Os pongo
algunas fotos de mi viaje. Son unas pocas, porque la mayoría las hace la gente
y, como es lógico, se las quedan ellos. Mi trabajo, día a día, es un trabajo
paciente con la Palabra de Dios (sobre todo para mis sermones), con la teología
(para producir, a veces, libros de mediana calidad) y con la literatura (para
hacer apostolado, o mejor dicho “algo de apostolado”). Pero cuando salgo a
estos viajes veo a mis lectores, a mis oyentes, y eso me da nuevos ánimos en mi
trabajo.
Cierto que
soy rodeado de un afecto excesivo que no me merezco, pero bueno también a veces
soy rodeado de una aversión que, claramente lo digo, tampoco me merezco. No soy
ni tan digno de ser admirado ni tan digno de ser menospreciado.
En la vida,
me hubiera sentido más que satisfecho con algún puesto de profesor en una facultad
de teología.
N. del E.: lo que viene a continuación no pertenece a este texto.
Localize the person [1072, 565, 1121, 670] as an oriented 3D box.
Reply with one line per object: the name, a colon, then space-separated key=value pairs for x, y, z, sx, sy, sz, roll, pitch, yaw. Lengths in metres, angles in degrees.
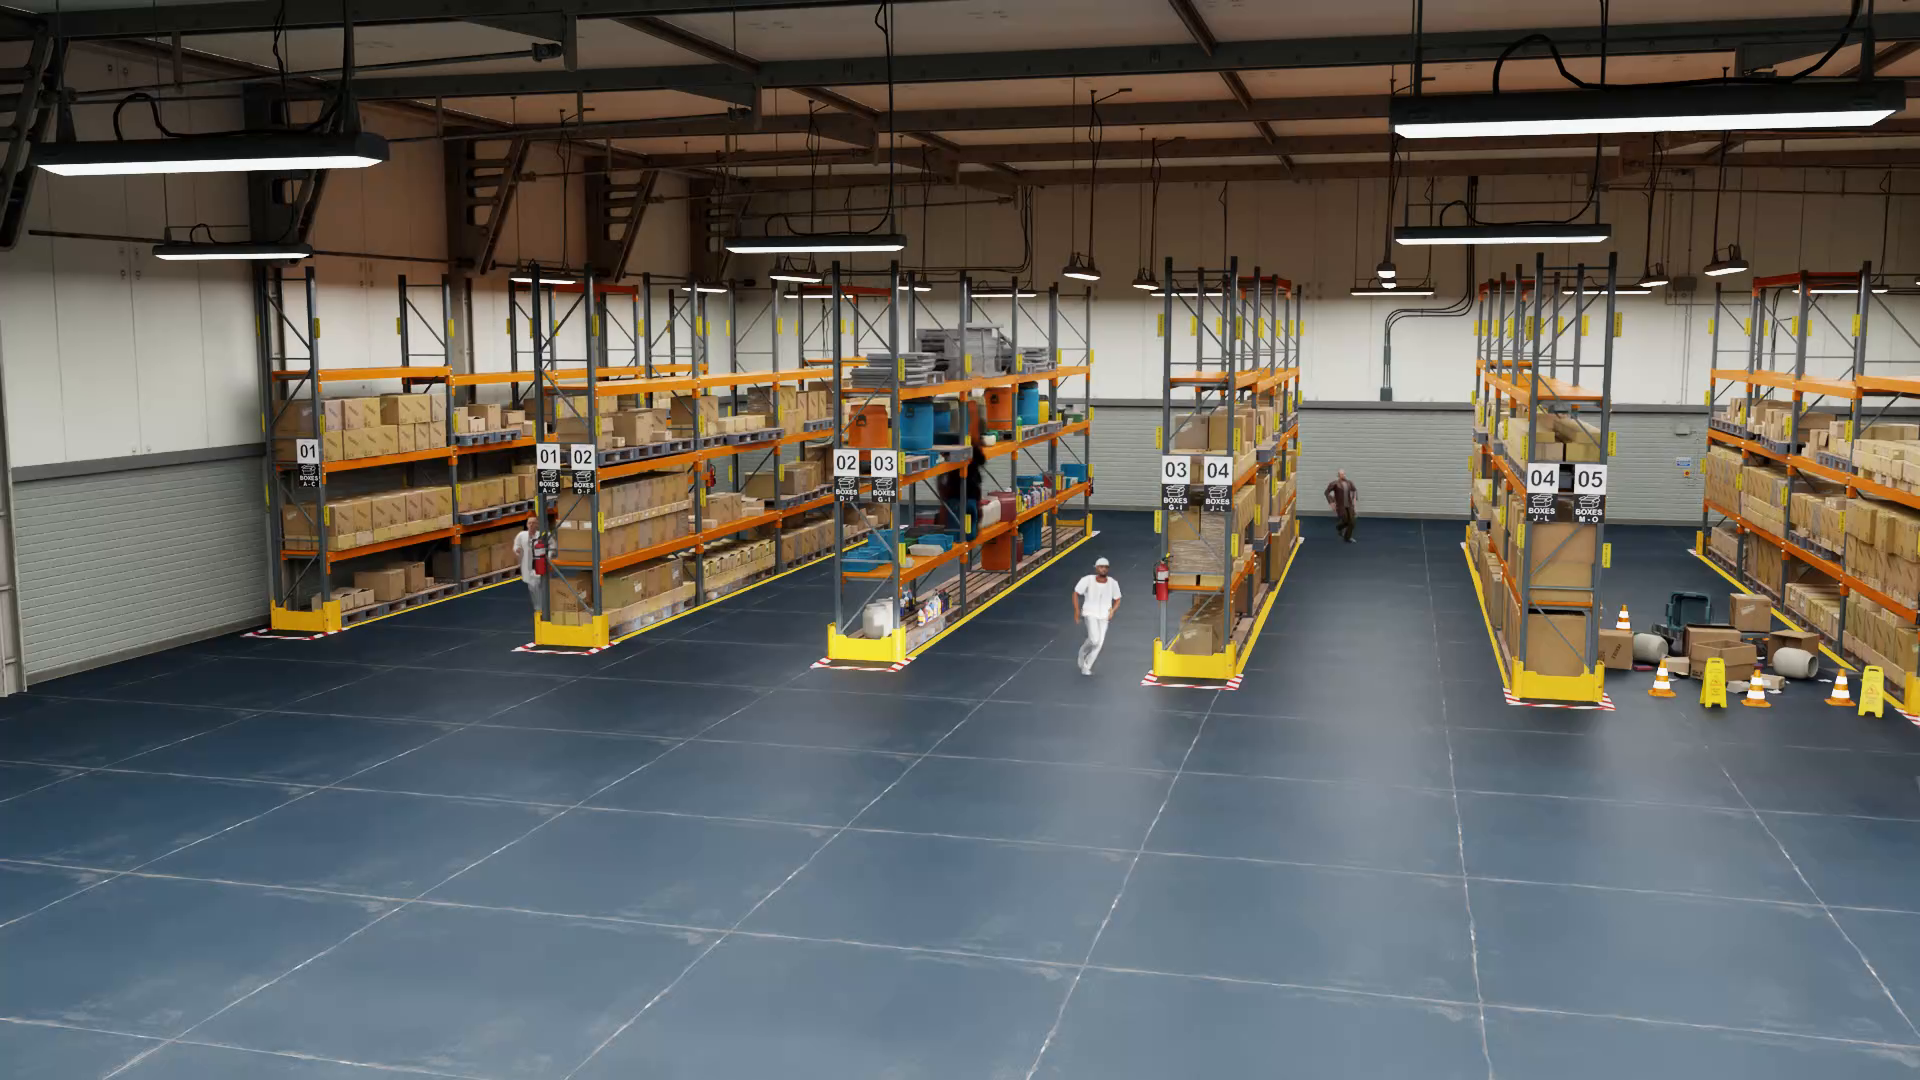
person: x=2.013 y=1.101 z=24.039 sx=0.690 sy=1.606 sz=0.530 roll=-1 pitch=7 yaw=-11

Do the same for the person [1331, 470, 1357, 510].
person: x=9.013 y=-1.088 z=39.047 sx=0.761 sy=0.758 sz=0.415 roll=-2 pitch=8 yaw=-17

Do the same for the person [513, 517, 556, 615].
person: x=-7.373 y=0.509 z=28.683 sx=0.666 sy=1.830 sz=0.807 roll=1 pitch=7 yaw=5

Cuando me ordené tampoco aspiré más que a ser párroco de algún
pueblo o el destino que quisiera darme mi obispo.
Nunca, ni en
mis más delirantes sueños, me imaginé estar rodeado de tanto cariño por parte
de tantas almas a las que mi palabra escrita y hablada ha llegado.
Pero es
curioso que una obra totalmente menor que escribo como una pequeña locura
literaria puede hacer las delicias de una persona aburrida en una noche
tropical en lo más profundo de la selva o en una isla de la Polinesia. Sí, he
tenido algún lector en esas islas del Pacífico y en Dubai o en una abadía
inglesa o ¡en una cartuja! que me han contactado.
Pero la
admiración tiene poco poder “energizador”, uno siempre es consciente de su carácter
excesivo. Lo que sí que me sorprende es cuando me encuentro a personas por encima
de los sesenta años que todavía esperan algo del mundo. Nunca los juzgo ni los
critico, simplemente es algo sorprendente que a esa edad se puedan albergar las
esperanzas de los dieciocho años.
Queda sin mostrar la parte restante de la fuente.